A rapariga da caixa 7 e o Cliente a seguir
crónica do jornal i de 7 de dezembro de 2011
Vê-a à noite, ao final do turno, com um sorriso cansado na face afogueada. Quando a vê, pensa: “É a Bondade”.
Ela recebe os produtos que rolam no tapete preto, à frente da placa que anuncia o Cliente Seguinte e com um gesto elegante faz passar o embrulho pela janela vermelha que reconhece o código de barras. Entretanto o Cliente Seguinte avança e o cliente a seguir ao Cliente Seguinte já despeja, no tapete rolante, provavelmente a melhor cerveja do mundo e um pacote de batatas fritas que têm 30 % menos de gordura à mistura com peitos de pato confitados. A rapariga da caixa, a Bondade, diz” boa noite” ao Cliente Seguinte e durante um segundo fixa o cliente a seguir ao Cliente Seguinte. Um segundo apenas. Durante essa fracção de tempo o seu olhar pousa num ponto da cara, entre os olhos, na periferia do rosto, ou na boca do cliente a seguir. Se o olhar da Bondade fosse um raio de laser ele teria agora iluminado a face do cliente a seguir, e teríamos visto a cor da Bondade e o ponto exacto em que ela fita um homem que se aproxima enquanto despeja pinhões no tapete rolante da caixa 7. A rapariga da caixa pega nas escolhas do Cliente Seguinte, uma de cada vez, de forma a encontrar a face que tem impressa o código de barras e com um movimento amplo encosta-a ao ecrã que transforma aquele DNA em euros. Ouve-se o som agudo que assinala a passagem da mercadoria ao estádio de bem de consumo, o momento mágico em que se realizam as mais valias. Uma música que o Simon Jeffes, dos Penguin Café Orchestra, um dia compôs e, ao mesmo tempo, o fim de um ciclo de morte para o pato, o momento em que uma ave encontra o seu destino, a sua razão de ser ou de ter sido.
“Cada mercadoria um som, o mesmo som”, pensa agora o cliente a seguir. Como um voto electrónico entregue às mãos da Bondade, sacerdotisa daquele templo. “ Voto em ti, não há alternativa ao pato confitado com pinhões, não existe, na forma actual da civilização, outra forma imaginável de comer pato com pinhões.” Ele, o cliente a vir, acredita nesta democracia do tapete rolante. Também ele apitará, um dia, entre as boxes à saída e revistá-lo-ão, não vá, por lamentável engano, levar nos bolsos algo que não trouxe.
A Bondade coloca cada unidade dentro de um saco, de acordo com uma tipologia que aspira a reproduzir a ordem impecável do hipermercado, separando os produtos de higiene, os produtos necessitando de frio para a sua conservação, o pão, as farinhas e as massas.
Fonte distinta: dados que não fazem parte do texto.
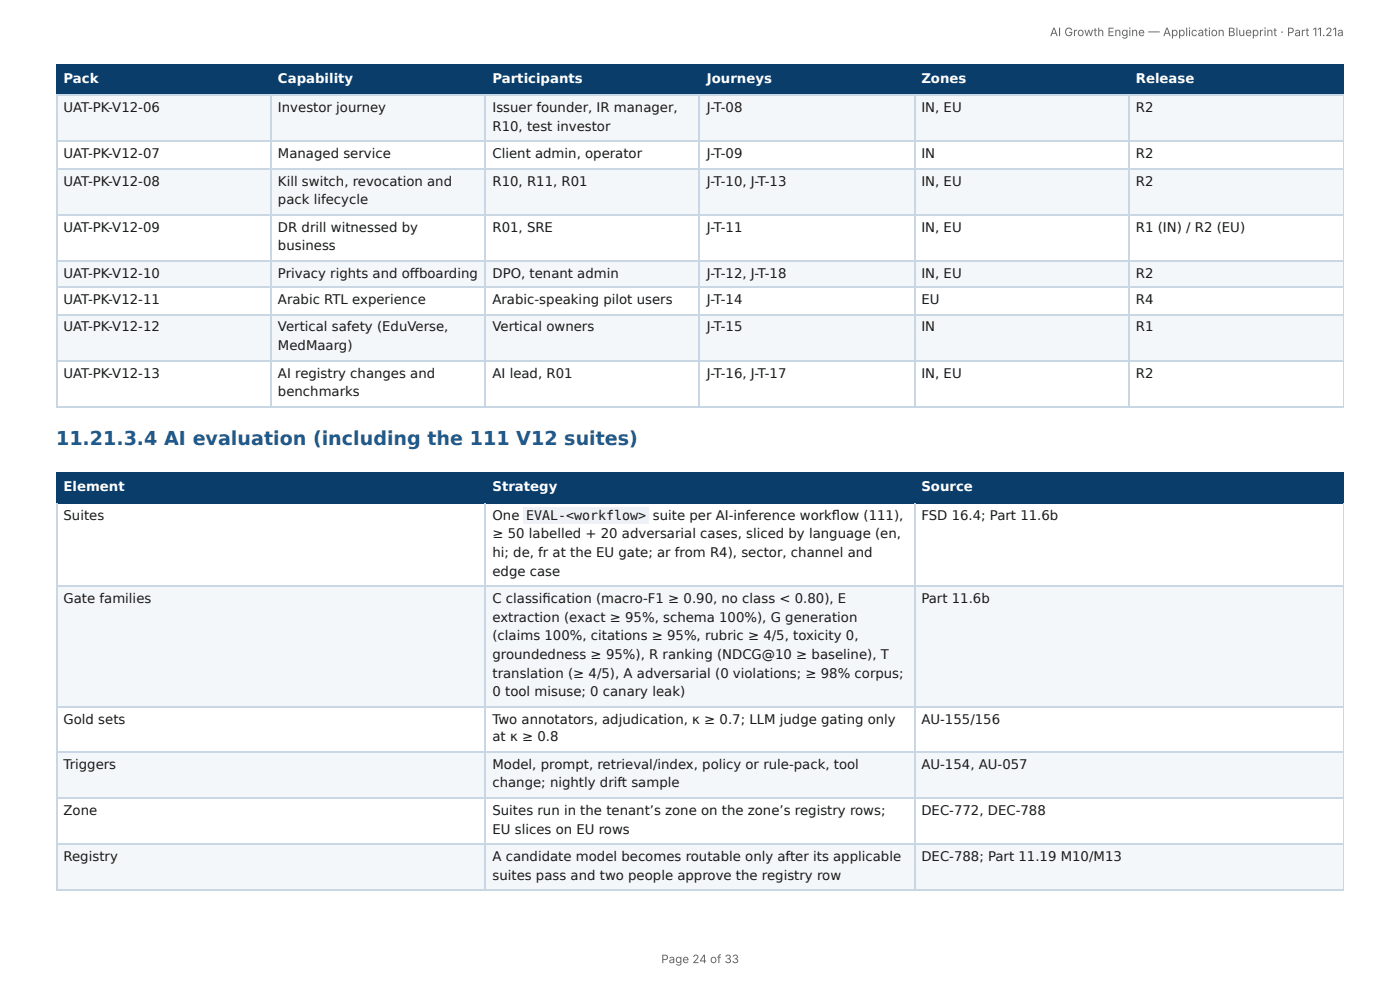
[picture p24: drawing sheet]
<svg xmlns="http://www.w3.org/2000/svg" width="297mm" height="210mm" viewBox="0 0 297 210" stroke-linecap="round" stroke-linejoin="round" font-family="sans-serif">
<defs><g id="words">
<text font-size="4.1" fill="#1f5a8c" x="11.9" y="94.5">11.21.3.4 AI evaluation (including the 111 V12 suites)</text>
<g font-size="2.8" fill="#fff">
<text x="13.5" y="17.7">Pack</text>
<text x="59" y="17.7">Capability</text>
<text x="104.6" y="17.7">Participants</text>
<text x="150.1" y="17.7">Journeys</text>
<text x="195.7" y="17.7">Zones</text>
<text x="241.2" y="17.7">Release</text>
<text x="13.5" y="104.2">Element</text>
<text x="104.6" y="104.2">Strategy</text>
<text x="195.7" y="104.2">Source</text>
</g>
<g font-size="2.8" fill="#1a1a1a">
<text x="13.5" y="23.8">UAT-PK-V12-06</text>
<text x="59" y="23.8">Investor journey</text>
<text x="104.6" y="23.8">Issuer founder, IR manager,</text>
<text x="150.1" y="23.8">J-T-08</text>
<text x="195.7" y="23.8">IN, EU</text>
<text x="241.2" y="23.8">R2</text>
<text x="104.6" y="27.8">R10, test investor</text>
<text x="13.5" y="33.6">UAT-PK-V12-07</text>
<text x="59" y="33.6">Managed service</text>
<text x="104.6" y="33.6">Client admin, operator</text>
<text x="150.1" y="33.6">J-T-09</text>
<text x="195.7" y="33.6">IN</text>
<text x="241.2" y="33.6">R2</text>
<text x="13.5" y="39.4">UAT-PK-V12-08</text>
<text x="59" y="39.4">Kill switch, revocation and</text>
<text x="104.6" y="39.4">R10, R11, R01</text>
<text x="150.1" y="39.4">J-T-10, J-T-13</text>
<text x="195.7" y="39.4">IN, EU</text>
<text x="241.2" y="39.4">R2</text>
<text x="59" y="43.4">pack lifecycle</text>
<text x="13.5" y="49.2">UAT-PK-V12-09</text>
<text x="59" y="49.2">DR drill witnessed by</text>
<text x="59" y="53.2">business</text>
<text x="104.6" y="49.2">R01, SRE</text>
<text x="150.1" y="49.2">J-T-11</text>
<text x="195.7" y="49.2">IN, EU</text>
<text x="241.2" y="49.2">R1 (IN) / R2 (EU)</text>
<text x="13.5" y="59">UAT-PK-V12-10</text>
<text x="59" y="59">Privacy rights and off boarding</text>
<text x="104.6" y="59">DPO, tenant admin</text>
<text x="150.1" y="59">J-T-12, J-T-18</text>
<text x="195.7" y="59">IN, EU</text>
<text x="241.2" y="59">R2</text>
<text x="13.5" y="64.6">UAT-PK-V12-11</text>
<text x="59" y="64.6">Arabic RTL experience</text>
<text x="104.6" y="64.6">Arabic-speaking pilot users</text>
<text x="150.1" y="64.6">J-T-14</text>
<text x="195.7" y="64.6">EU</text>
<text x="241.2" y="64.6">R4</text>
<text x="13.5" y="70.4">UAT-PK-V12-12</text>
<text x="59" y="70.4">Vertical safety (EduVerse,</text>
<text x="104.6" y="70.4">Vertical owners</text>
<text x="150.1" y="70.4">J-T-15</text>
<text x="195.7" y="70.4">IN</text>
<text x="241.2" y="70.4">R1</text>
<text x="59" y="74.3">MedMaarg)</text>
<text x="13.5" y="80.2">UAT-PK-V12-13</text>
<text x="59" y="80.2">AI registry changes and</text>
<text x="104.6" y="80.2">AI lead, R01</text>
<text x="150.1" y="80.2">J-T-16, J-T-17</text>
<text x="195.7" y="80.2">IN, EU</text>
<text x="241.2" y="80.2">R2</text>
<text x="59" y="84.1">benchmarks</text>
<text x="13.5" y="110.3">Suites</text>
<text x="104.6" y="110.3">One</text>
<text x="111.8" y="110.3">EVAL-&lt;workflow&gt;</text>
<text x="138.7" y="110.3">suite per AI-inference workfl ow (111),</text>
<text x="195.7" y="110.3">FSD 16.4; Part 11.6b</text>
<text x="104.6" y="114.3">≥ 50 labelled + 20 adversarial cases, sliced by language (en,</text>
<text x="104.6" y="118.3">hi; de, fr at the EU gate; ar from R4), sector, channel and</text>
<text x="104.6" y="122.2">edge case</text>
<text x="13.5" y="128.1">Gate families</text>
<text x="104.6" y="128.1">C classifi cation (macro-F1 ≥ 0.90, no class &lt; 0.80), E</text>
<text x="195.7" y="128.1">Part 11.6b</text>
<text x="104.6" y="132">extraction (exact ≥ 95%, schema 100%), G generation</text>
<text x="104.6" y="136">(claims 100%, citations ≥ 95%, rubric ≥ 4/5, toxicity 0,</text>
<text x="104.6" y="140">groundedness ≥ 95%), R ranking (NDCG@10 ≥ baseline), T</text>
<text x="104.6" y="143.9">translation (≥ 4/5), A adversarial (0 violations; ≥ 98% corpus;</text>
<text x="104.6" y="147.9">0 tool misuse; 0 canary leak)</text>
<text x="13.5" y="153.7">Gold sets</text>
<text x="104.6" y="153.7">Two annotators, adjudication, κ ≥ 0.7; LLM judge gating only</text>
<text x="195.7" y="153.7">AU-155/156</text>
<text x="104.6" y="157.4">at κ ≥ 0.8</text>
<text x="13.5" y="163.2">Triggers</text>
<text x="104.6" y="163.2">Model, prompt, retrieval/index, policy or rule-pack, tool</text>
<text x="104.6" y="167.2">change; nightly drift sample</text>
<text x="195.7" y="163.2">AU-154, AU-057</text>
<text x="13.5" y="173">Zone</text>
<text x="104.6" y="173">Suites run in the tenant’s zone on the zone’s registry rows;</text>
<text x="195.7" y="173">DEC-772, DEC-788</text>
<text x="104.6" y="177">EU slices on EU rows</text>
<text x="13.5" y="182.8">Registry</text>
<text x="104.6" y="182.8">A candidate model becomes routable only after its applicable</text>
<text x="195.7" y="182.8">DEC-788; Part 11.19 M10/M13</text>
<text x="104.6" y="186.8">suites pass and two people approve the registry row</text>
</g>
<g font-size="2.5" fill="#666">
<text x="223" y="7.7">AI Growth Engine — Application Blueprint · Part 11.21a</text>
<text x="140.4" y="204.5">Page 24 of 33</text>
</g>
</g></defs>
<g fill="#0b3d6b">
<path d="M12.2 14h45.5v6.1h-45.5z"/>
<path d="M57.7 14h45.5v6.1h-45.5z"/>
<path d="M103.2 14h45.5v6.1h-45.5z"/>
<path d="M148.7 14h45.5v6.1h-45.5z"/>
<path d="M194.2 14h45.5v6.1h-45.5z"/>
<path d="M239.7 14h45.7v6.1h-45.7z"/>
</g>
<g fill="#f4f7fa">
<path d="M12.2 20.1h45.5v9.8h-45.5z"/>
<path d="M57.7 20.1h45.5v9.8h-45.5z"/>
<path d="M103.2 20.1h45.5v9.8h-45.5z"/>
<path d="M148.7 20.1h45.5v9.8h-45.5z"/>
<path d="M194.2 20.1h45.5v9.8h-45.5z"/>
<path d="M239.7 20.1h45.7v9.8h-45.7z"/>
<path d="M12.2 35.7h45.5v9.8h-45.5z"/>
<path d="M57.7 35.7h45.5v9.8h-45.5z"/>
<path d="M103.2 35.7h45.5v9.8h-45.5z"/>
<path d="M148.7 35.7h45.5v9.8h-45.5z"/>
<path d="M194.2 35.7h45.5v9.8h-45.5z"/>
<path d="M239.7 35.7h45.7v9.8h-45.7z"/>
<path d="M12.2 55.3h45.5v5.8h-45.5z"/>
<path d="M57.7 55.3h45.5v5.8h-45.5z"/>
<path d="M103.2 55.3h45.5v5.8h-45.5z"/>
<path d="M148.7 55.3h45.5v5.8h-45.5z"/>
<path d="M194.2 55.3h45.5v5.8h-45.5z"/>
<path d="M239.7 55.3h45.7v5.8h-45.7z"/>
<path d="M12.2 66.9h45.5v9.8h-45.5z"/>
<path d="M57.7 66.9h45.5v9.8h-45.5z"/>
<path d="M103.2 66.9h45.5v9.8h-45.5z"/>
<path d="M148.7 66.9h45.5v9.8h-45.5z"/>
<path d="M194.2 66.9h45.5v9.8h-45.5z"/>
<path d="M239.7 66.9h45.7v9.8h-45.7z"/>
</g>
<path d="M11.9 13.9h273.5M12 13.8v6.6M57.5 13.8v6.6M103.1 13.8v6.6M148.6 13.8v6.6M194.3 13.8v6.6M239.8 13.8v6.6M11.9 20.2h273.5" fill="none" stroke="#0b3d6b" stroke-width=".26"/>
<path d="M285.3 13.8v6.6" fill="none" stroke="#0b3d6b" stroke-width=".21"/>
<g fill="none" stroke="#c9d6e3" stroke-width=".26">
<path d="M11.9 20.2h273.5M11.9 30h273.5M11.9 35.9h273.5M12 20.4v66.1M57.5 20.4v66.1M103.1 20.4v66.1M148.6 20.4v66.1M194.3 20.4v66.1M239.8 20.4v66.1M11.9 45.6h273.5M11.9 55.4h273.5M11.9 61h273.5"/>
<path d="M11.9 66.8h273.5M11.9 76.6h273.5M11.9 86.4h273.5"/>
</g>
<path d="M285.3 20.4v66.1" fill="none" stroke="#c9d6e3" stroke-width=".21"/>
<g fill="#0b3d6b">
<path d="M12.2 100.5h91v6.4h-91z"/>
<path d="M103.2 100.5h91v6.4h-91z"/>
<path d="M194.2 100.5h91.2v6.4h-91.2z"/>
</g>
<g fill="#f4f7fa">
<path d="M12.2 124.4h91v25.6h-91z"/>
<path d="M103.2 124.4h91v25.6h-91z"/>
<path d="M194.2 124.4h91.2v25.6h-91.2z"/>
<path d="M12.2 159.8h91v9.8h-91z"/>
<path d="M103.2 159.8h91v9.8h-91z"/>
<path d="M194.2 159.8h91.2v9.8h-91.2z"/>
<path d="M12.2 179.4h91v9.8h-91z"/>
<path d="M103.2 179.4h91v9.8h-91z"/>
<path d="M194.2 179.4h91.2v9.8h-91.2z"/>
</g>
<path d="M11.9 100.4h273.5M11.9 106.8h273.5M12 100.3v6.6M103.1 100.3v6.6M194.3 100.3v6.6" fill="none" stroke="#0b3d6b" stroke-width=".26"/>
<path d="M285.3 100.3v6.6" fill="none" stroke="#0b3d6b" stroke-width=".21"/>
<path d="M12 106.9v82.3M103.1 106.9v82.3M194.3 106.9v82.3M11.9 124.5h273.5M11.9 150.2h273.5M11.9 159.7h273.5M11.9 169.5h273.5M11.9 179.3h273.5M11.9 189h273.5" fill="none" stroke="#c9d6e3" stroke-width=".26"/>
<path d="M285.3 106.9v82.3" fill="none" stroke="#c9d6e3" stroke-width=".21"/>
<path d="M111.1 107.7h26.7v3.4h-26.7z" fill="#eef2f6"/>
<use href="#words"/>
</svg>

O primeiro cliente já pegou nos trocos, levantou os sacos, já se despediu pela segunda vez da rapariga da caixa - a primeira logo após a entrega do recibo, a segunda no momento em que ergue os sacos e se volta na direcção da saída.
O Cliente Seguinte estende os cartões para a rapariga da caixa 7. O cartão de fidelidade e o cartão de crédito. O cliente a seguir ao Cliente Seguinte aguarda na outra extremidade. Neste momento vê os dedos da Bondade. São como os dedos das enfermeiras, com finas linhas azuladas cruzando as articulações, frágeis e misericordiosos, amparando a ruína dos corpos e aqui, devotados ao comércio, dando a cada unidade o seu valor.
“Pessoas assim podiam salvar o Mundo mas não conseguem resgatá-lo do mal, que é múltiplo. É já tarde para salvar o que merece ser salvo. Ou o que quer que seja”, pensa o cliente a seguir.
O cliente a seguir faz o trajeto do supermercado como uma peregrinação. Cada prateleira onde se detém é uma estação e em cada paragem pensa na gente humilde que produziu cada unidade: as laranjas de Andaluzia e os trabalhadores temporários, o leite das cooperativas e o sofrimento das vacas, o café das plantações americanas recolhido por adolescentes, o queijo das queijeiras de Seia e Gouveia, as batatas fritas carregadas de óleo e afinal com menos 30% retirado para a fritura lento dos patos. E no final, junto ao tapete preto que a Bondade oficia, o cliente seguinte avança aos sacões, acompanhando o movimento que a rapariga gere com um pedal, balouçando o corpo a cada impulso novo e flectindo a cabeça de cada vez que soa o sinal concluindo a transacção. A cerimónia é discreta. Assim o cliente seguinte finta a lógica do mercado tendo como recompensa o carmim da face cansada da Bondade, o toque imperceptível que talvez receba com o troco e a esperança de uma próxima visita.